Exercise objective
Images should be left out, and everything else in the listing reproduced exactly.

Dataset records
★ ★ ★ ★
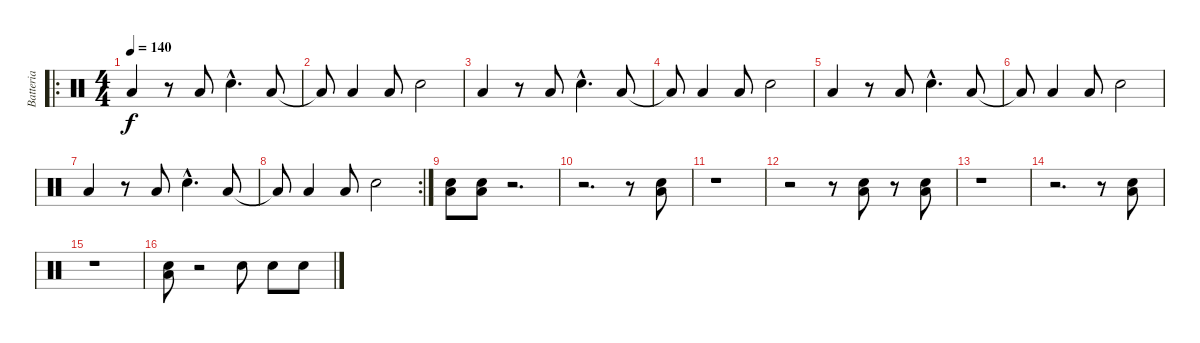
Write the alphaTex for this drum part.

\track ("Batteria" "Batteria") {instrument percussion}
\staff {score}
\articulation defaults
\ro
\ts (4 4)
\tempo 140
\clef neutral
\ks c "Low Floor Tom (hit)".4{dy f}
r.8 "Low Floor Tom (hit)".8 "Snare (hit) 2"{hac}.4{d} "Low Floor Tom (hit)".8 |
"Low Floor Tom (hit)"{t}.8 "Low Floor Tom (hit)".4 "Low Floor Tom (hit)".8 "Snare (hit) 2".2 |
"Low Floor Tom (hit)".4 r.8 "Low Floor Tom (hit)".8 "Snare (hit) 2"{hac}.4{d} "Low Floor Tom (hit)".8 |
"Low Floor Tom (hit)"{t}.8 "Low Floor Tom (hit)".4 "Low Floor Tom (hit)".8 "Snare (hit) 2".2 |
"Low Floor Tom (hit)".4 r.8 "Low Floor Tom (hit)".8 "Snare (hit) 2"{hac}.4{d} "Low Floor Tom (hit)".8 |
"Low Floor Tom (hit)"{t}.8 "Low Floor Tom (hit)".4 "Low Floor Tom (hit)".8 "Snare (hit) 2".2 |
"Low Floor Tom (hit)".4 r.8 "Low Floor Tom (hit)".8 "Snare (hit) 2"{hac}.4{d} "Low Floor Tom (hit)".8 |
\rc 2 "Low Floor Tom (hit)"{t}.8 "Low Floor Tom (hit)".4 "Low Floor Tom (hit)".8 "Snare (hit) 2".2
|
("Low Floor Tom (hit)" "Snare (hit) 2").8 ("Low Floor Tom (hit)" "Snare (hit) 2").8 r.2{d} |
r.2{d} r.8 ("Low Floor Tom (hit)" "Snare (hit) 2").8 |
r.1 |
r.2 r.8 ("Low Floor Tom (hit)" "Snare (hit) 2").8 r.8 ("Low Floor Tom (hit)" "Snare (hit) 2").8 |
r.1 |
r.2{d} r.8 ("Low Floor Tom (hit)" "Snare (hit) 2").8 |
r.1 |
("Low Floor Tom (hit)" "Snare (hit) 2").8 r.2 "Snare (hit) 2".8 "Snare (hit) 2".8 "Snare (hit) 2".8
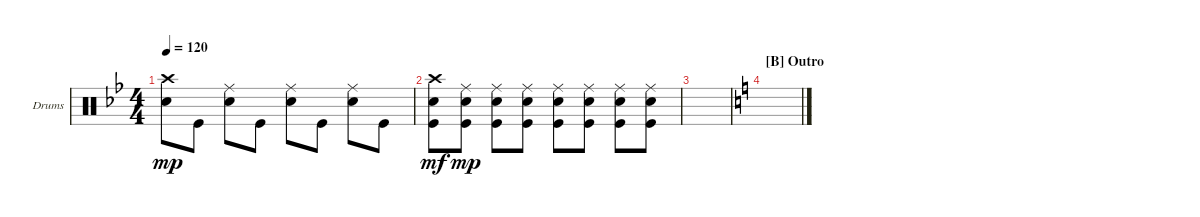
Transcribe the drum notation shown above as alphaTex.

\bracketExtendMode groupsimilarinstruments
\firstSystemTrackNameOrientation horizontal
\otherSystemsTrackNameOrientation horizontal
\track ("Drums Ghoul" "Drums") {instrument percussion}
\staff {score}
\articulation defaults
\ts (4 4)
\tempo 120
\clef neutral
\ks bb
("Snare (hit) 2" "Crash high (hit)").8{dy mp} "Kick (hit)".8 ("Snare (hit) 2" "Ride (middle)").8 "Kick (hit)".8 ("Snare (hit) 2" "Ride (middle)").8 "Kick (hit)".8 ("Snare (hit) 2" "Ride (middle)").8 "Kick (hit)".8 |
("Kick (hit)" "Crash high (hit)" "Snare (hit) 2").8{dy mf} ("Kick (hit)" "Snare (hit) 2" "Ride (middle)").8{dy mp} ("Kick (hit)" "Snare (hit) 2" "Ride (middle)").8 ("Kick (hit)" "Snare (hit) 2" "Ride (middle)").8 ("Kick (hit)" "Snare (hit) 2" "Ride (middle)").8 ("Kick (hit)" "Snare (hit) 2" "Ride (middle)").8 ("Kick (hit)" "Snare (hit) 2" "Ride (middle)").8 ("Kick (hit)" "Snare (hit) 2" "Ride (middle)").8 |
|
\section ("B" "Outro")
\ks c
★ ★ ★ ★
Task solution
Write the alphaTex for this drum part.

\track ("Batteria" "Batteria") {instrument percussion}
\staff {score}
\articulation defaults
\ro
\ts (4 4)
\tempo 140
\clef neutral
\ks c "Low Floor Tom (hit)".4{dy f}
r.8 "Low Floor Tom (hit)".8 "Snare (hit) 2"{hac}.4{d} "Low Floor Tom (hit)".8 |
"Low Floor Tom (hit)"{t}.8 "Low Floor Tom (hit)".4 "Low Floor Tom (hit)".8 "Snare (hit) 2".2 |
"Low Floor Tom (hit)".4 r.8 "Low Floor Tom (hit)".8 "Snare (hit) 2"{hac}.4{d} "Low Floor Tom (hit)".8 |
"Low Floor Tom (hit)"{t}.8 "Low Floor Tom (hit)".4 "Low Floor Tom (hit)".8 "Snare (hit) 2".2 |
"Low Floor Tom (hit)".4 r.8 "Low Floor Tom (hit)".8 "Snare (hit) 2"{hac}.4{d} "Low Floor Tom (hit)".8 |
"Low Floor Tom (hit)"{t}.8 "Low Floor Tom (hit)".4 "Low Floor Tom (hit)".8 "Snare (hit) 2".2 |
"Low Floor Tom (hit)".4 r.8 "Low Floor Tom (hit)".8 "Snare (hit) 2"{hac}.4{d} "Low Floor Tom (hit)".8 |
\rc 2 "Low Floor Tom (hit)"{t}.8 "Low Floor Tom (hit)".4 "Low Floor Tom (hit)".8 "Snare (hit) 2".2
|
("Low Floor Tom (hit)" "Snare (hit) 2").8 ("Low Floor Tom (hit)" "Snare (hit) 2").8 r.2{d} |
r.2{d} r.8 ("Low Floor Tom (hit)" "Snare (hit) 2").8 |
r.1 |
r.2 r.8 ("Low Floor Tom (hit)" "Snare (hit) 2").8 r.8 ("Low Floor Tom (hit)" "Snare (hit) 2").8 |
r.1 |
r.2{d} r.8 ("Low Floor Tom (hit)" "Snare (hit) 2").8 |
r.1 |
("Low Floor Tom (hit)" "Snare (hit) 2").8 r.2 "Snare (hit) 2".8 "Snare (hit) 2".8 "Snare (hit) 2".8
Transcribe the drum notation shown above as alphaTex.

\bracketExtendMode groupsimilarinstruments
\firstSystemTrackNameOrientation horizontal
\otherSystemsTrackNameOrientation horizontal
\track ("Drums Ghoul" "Drums") {instrument percussion}
\staff {score}
\articulation defaults
\ts (4 4)
\tempo 120
\clef neutral
\ks bb
("Snare (hit) 2" "Crash high (hit)").8{dy mp} "Kick (hit)".8 ("Snare (hit) 2" "Ride (middle)").8 "Kick (hit)".8 ("Snare (hit) 2" "Ride (middle)").8 "Kick (hit)".8 ("Snare (hit) 2" "Ride (middle)").8 "Kick (hit)".8 |
("Kick (hit)" "Crash high (hit)" "Snare (hit) 2").8{dy mf} ("Kick (hit)" "Snare (hit) 2" "Ride (middle)").8{dy mp} ("Kick (hit)" "Snare (hit) 2" "Ride (middle)").8 ("Kick (hit)" "Snare (hit) 2" "Ride (middle)").8 ("Kick (hit)" "Snare (hit) 2" "Ride (middle)").8 ("Kick (hit)" "Snare (hit) 2" "Ride (middle)").8 ("Kick (hit)" "Snare (hit) 2" "Ride (middle)").8 ("Kick (hit)" "Snare (hit) 2" "Ride (middle)").8 |
|
\section ("B" "Outro")
\ks c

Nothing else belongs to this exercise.